### WHAT IS EXPECTED
Only one portion of the data is to be written out: from the line bearing "7) car (1727, 855, 1927, 911)" through the line bearing "12) pedestrian (1188, 852, 1197, 871)". Write it exactly as it appears.

>>

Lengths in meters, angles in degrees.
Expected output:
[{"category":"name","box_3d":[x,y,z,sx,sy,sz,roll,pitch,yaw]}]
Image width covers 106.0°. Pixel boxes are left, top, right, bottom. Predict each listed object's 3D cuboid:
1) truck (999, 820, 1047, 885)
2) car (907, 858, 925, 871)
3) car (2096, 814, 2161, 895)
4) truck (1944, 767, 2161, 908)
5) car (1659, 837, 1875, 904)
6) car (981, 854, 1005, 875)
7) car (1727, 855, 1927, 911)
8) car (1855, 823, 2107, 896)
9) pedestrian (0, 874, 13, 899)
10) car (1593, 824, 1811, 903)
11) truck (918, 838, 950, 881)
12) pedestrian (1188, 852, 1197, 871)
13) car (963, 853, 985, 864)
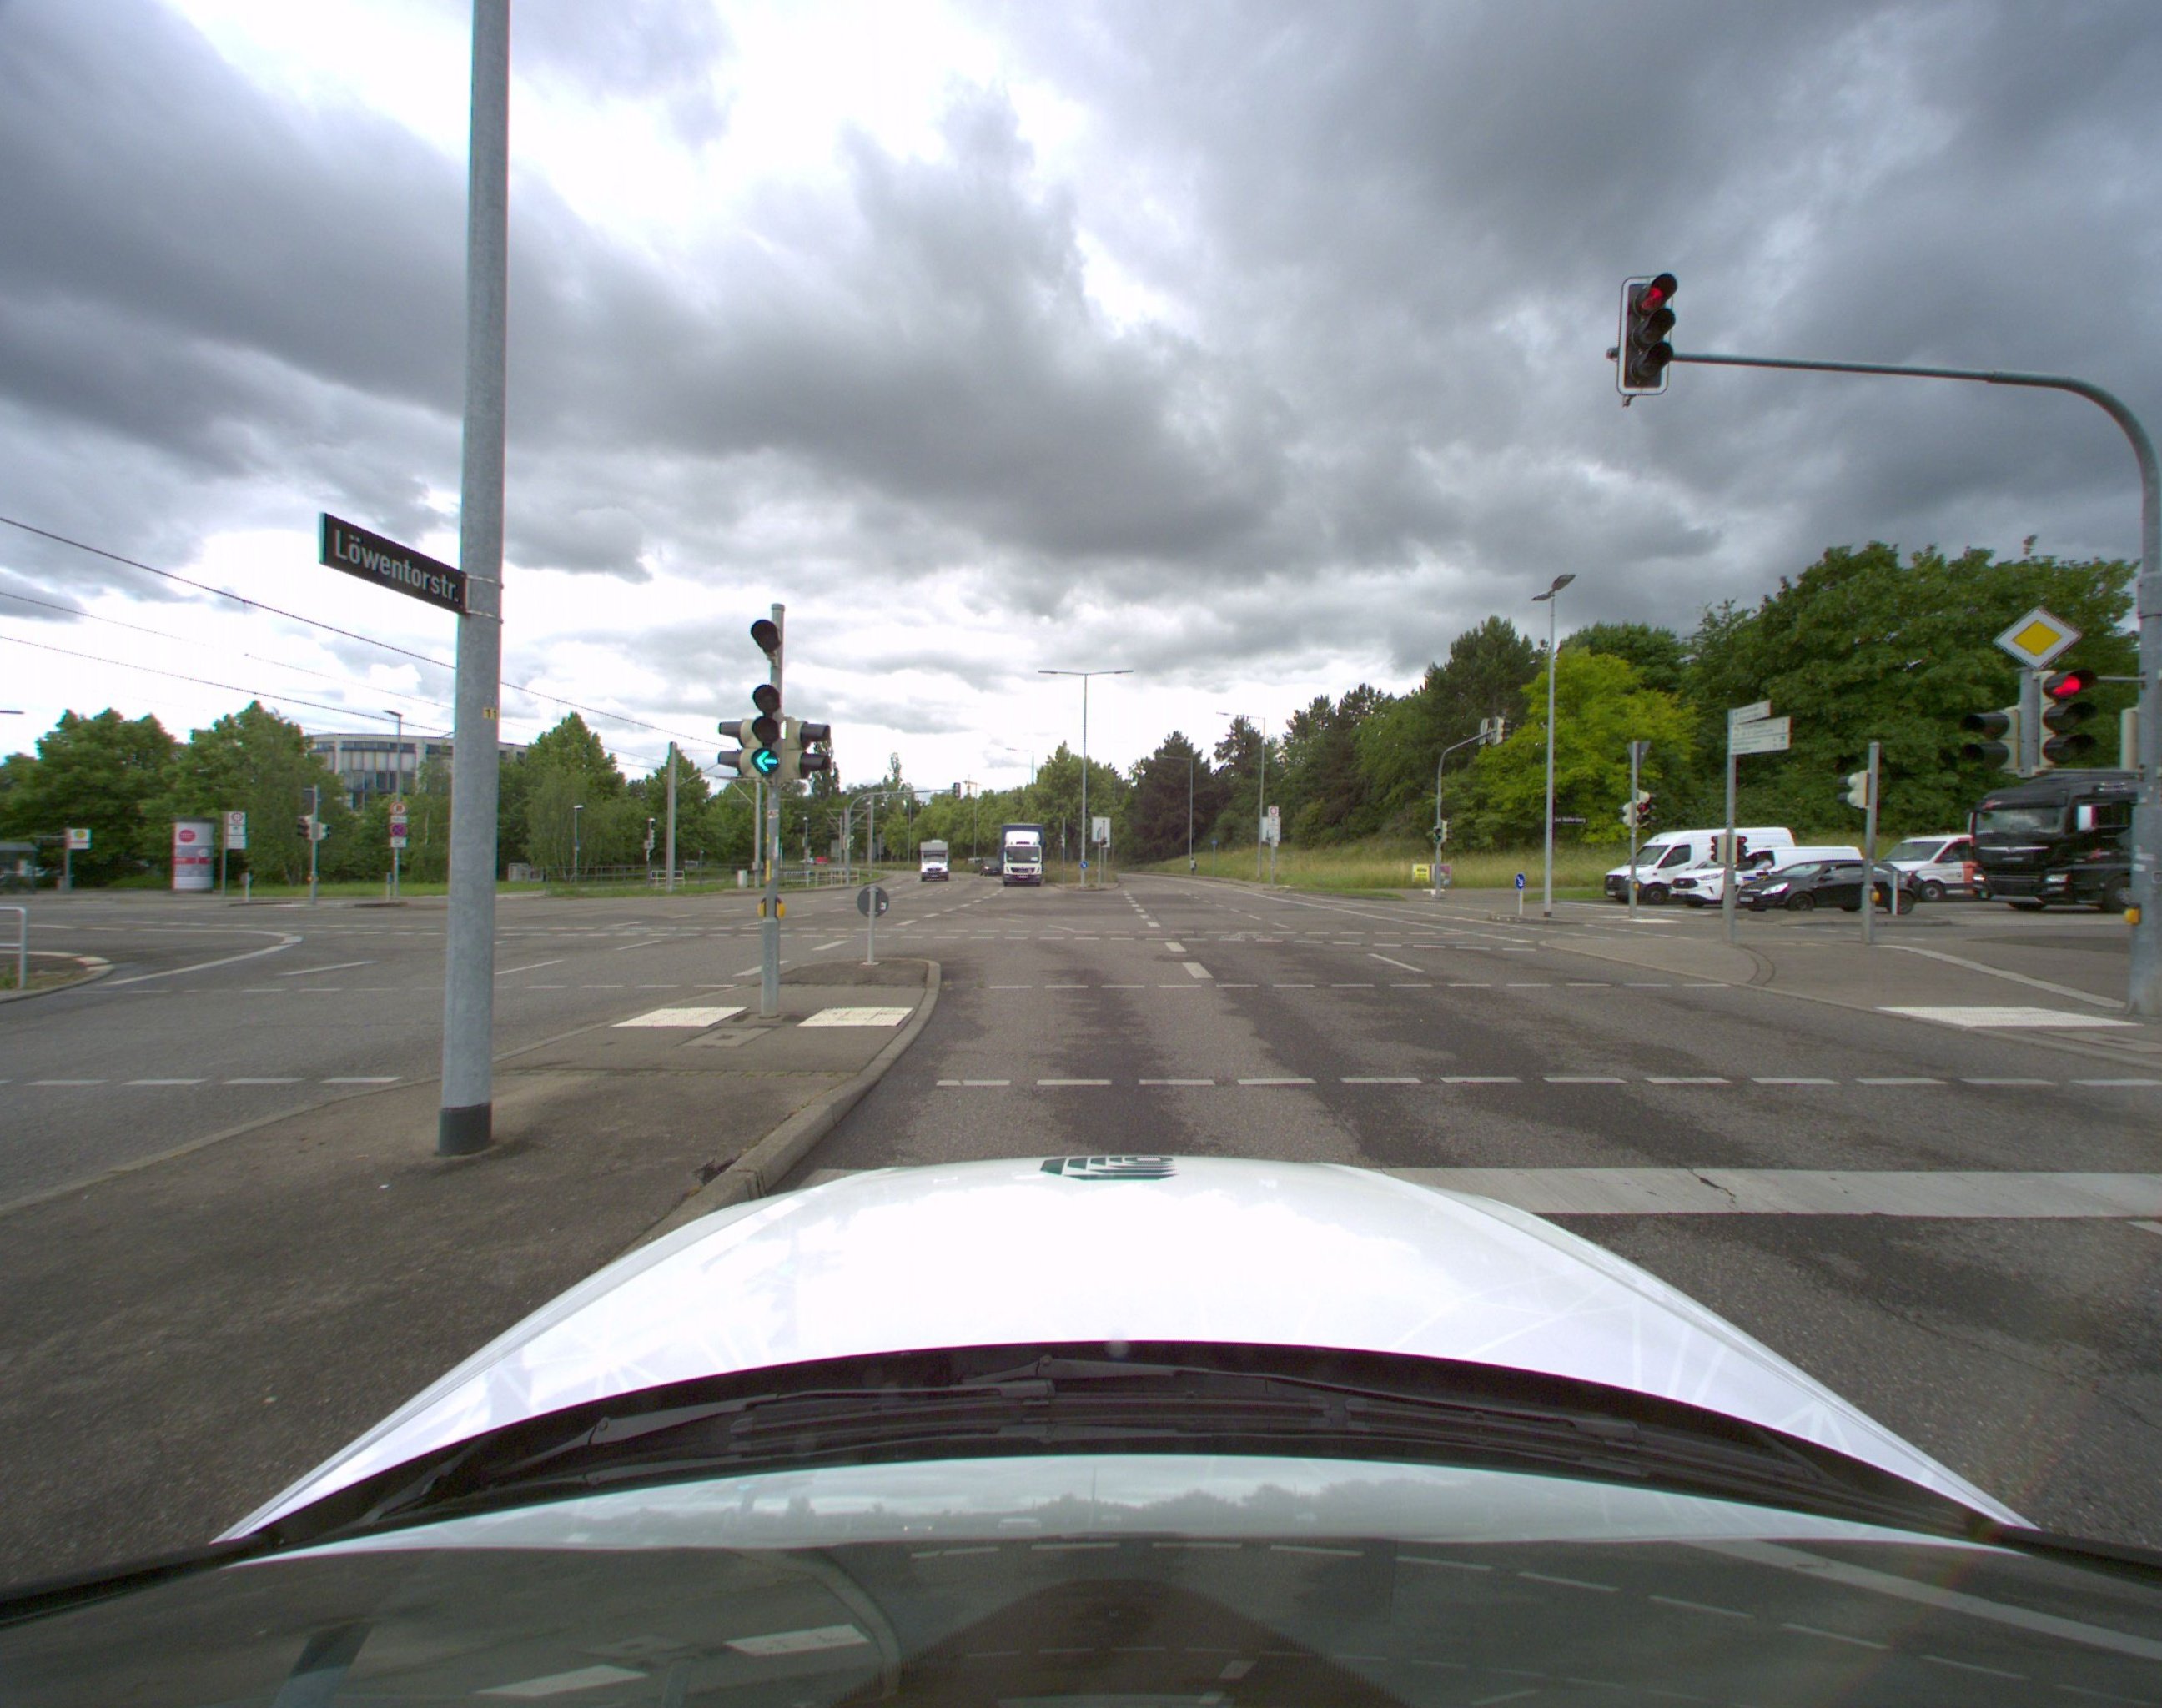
[{"category":"truck","box_3d":[-3.638,-0.077,51.660,2.773,3.804,8.377,0,0,-4]},{"category":"car","box_3d":[-24.140,1.480,118.834,2.001,1.783,3.972,0,0,-21]},{"category":"car","box_3d":[39.853,-0.009,28.055,6.635,2.720,2.230,-1,-1,3]},{"category":"truck","box_3d":[27.987,-0.405,21.992,5.915,3.518,3.077,-1,-1,3]},{"category":"car","box_3d":[21.613,0.541,25.842,4.952,1.991,2.121,-1,-2,2]},{"category":"car","box_3d":[-8.846,1.061,81.240,1.994,2.013,4.591,0,0,-11]},{"category":"car","box_3d":[20.222,0.773,22.205,3.836,1.442,1.638,-1,0,4]},{"category":"car","box_3d":[30.923,0.208,28.170,5.913,2.386,2.231,-1,-1,4]},{"category":"pedestrian","box_3d":[-56.467,1.705,42.391,0.774,1.252,0.769,-1,0,-27]},{"category":"car","box_3d":[21.949,0.354,28.997,5.915,2.659,2.230,-1,-1,3]},{"category":"truck","box_3d":[-11.143,0.405,61.911,2.105,3.010,6.252,-4,0,-10]},{"category":"pedestrian","box_3d":[10.145,0.669,74.062,0.736,1.717,0.625,0,0,1]},{"category":"car","box_3d":[-17.580,0.703,133.451,2.008,1.728,3.687,0,0,-35]}]

<<

### PROBLEM SOLUTION
7) car (1727, 855, 1927, 911)
8) car (1855, 823, 2107, 896)
9) pedestrian (0, 874, 13, 899)
10) car (1593, 824, 1811, 903)
11) truck (918, 838, 950, 881)
12) pedestrian (1188, 852, 1197, 871)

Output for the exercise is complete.